### ACTIVITY
Please return the records below exactly as they stand, with the pictures removed.

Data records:
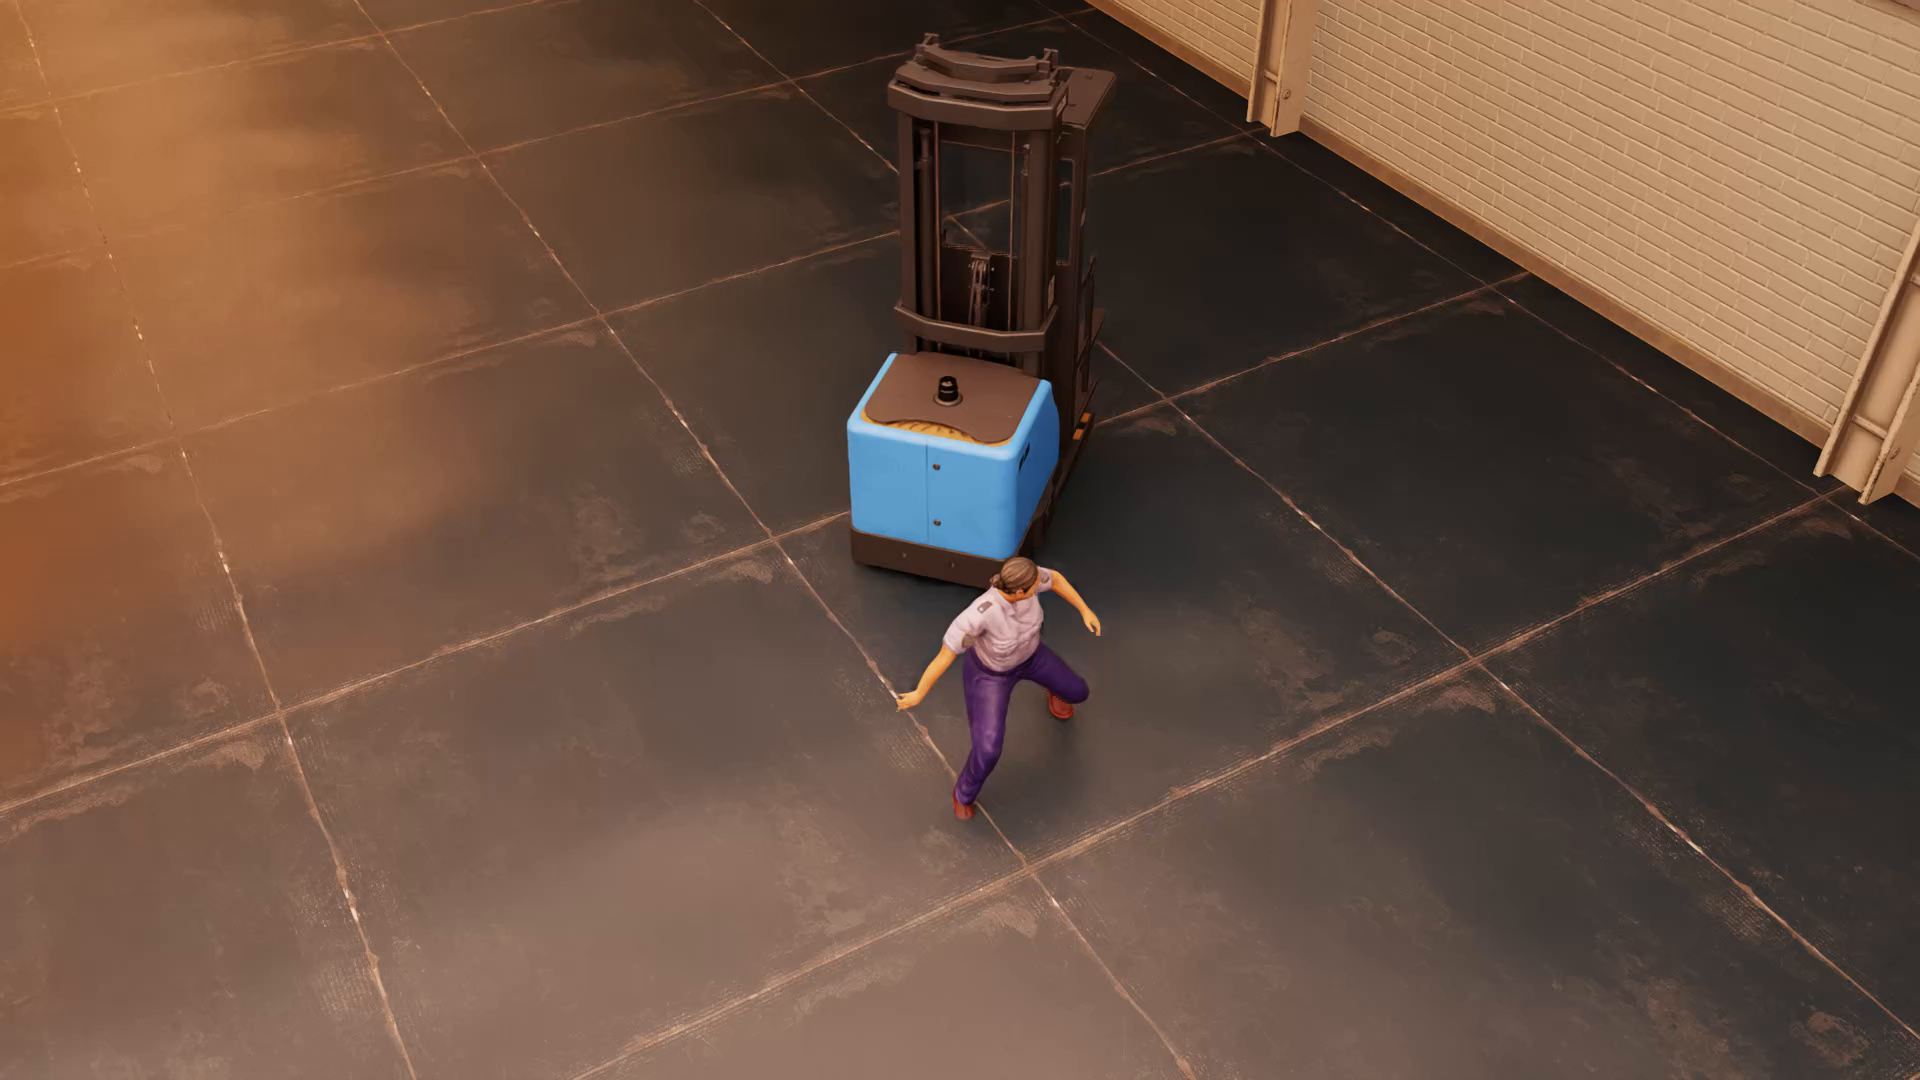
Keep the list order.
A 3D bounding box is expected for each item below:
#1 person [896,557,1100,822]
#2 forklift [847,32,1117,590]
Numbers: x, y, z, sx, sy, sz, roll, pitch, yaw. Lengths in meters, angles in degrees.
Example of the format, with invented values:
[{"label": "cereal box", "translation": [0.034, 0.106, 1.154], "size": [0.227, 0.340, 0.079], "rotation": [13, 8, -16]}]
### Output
[{"label": "person", "translation": [0.227, 0.677, 8.412], "size": [1.123, 1.563, 0.487], "rotation": [-27, 47, -29]}, {"label": "forklift", "translation": [0.271, -1.772, 10.173], "size": [1.130, 2.935, 3.031], "rotation": [12, 41, 14]}]

### EXERCISE OUTPUT
Keep the list order.
A 3D bounding box is expected for each item below:
#1 person [896,557,1100,822]
#2 forklift [847,32,1117,590]
Numbers: x, y, z, sx, sy, sz, roll, pitch, yaw. Lengths in meters, angles in degrees.
Example of the format, with invented values:
[{"label": "cereal box", "translation": [0.034, 0.106, 1.154], "size": [0.227, 0.340, 0.079], "rotation": [13, 8, -16]}]
### Output
[{"label": "person", "translation": [0.227, 0.677, 8.412], "size": [1.123, 1.563, 0.487], "rotation": [-27, 47, -29]}, {"label": "forklift", "translation": [0.271, -1.772, 10.173], "size": [1.130, 2.935, 3.031], "rotation": [12, 41, 14]}]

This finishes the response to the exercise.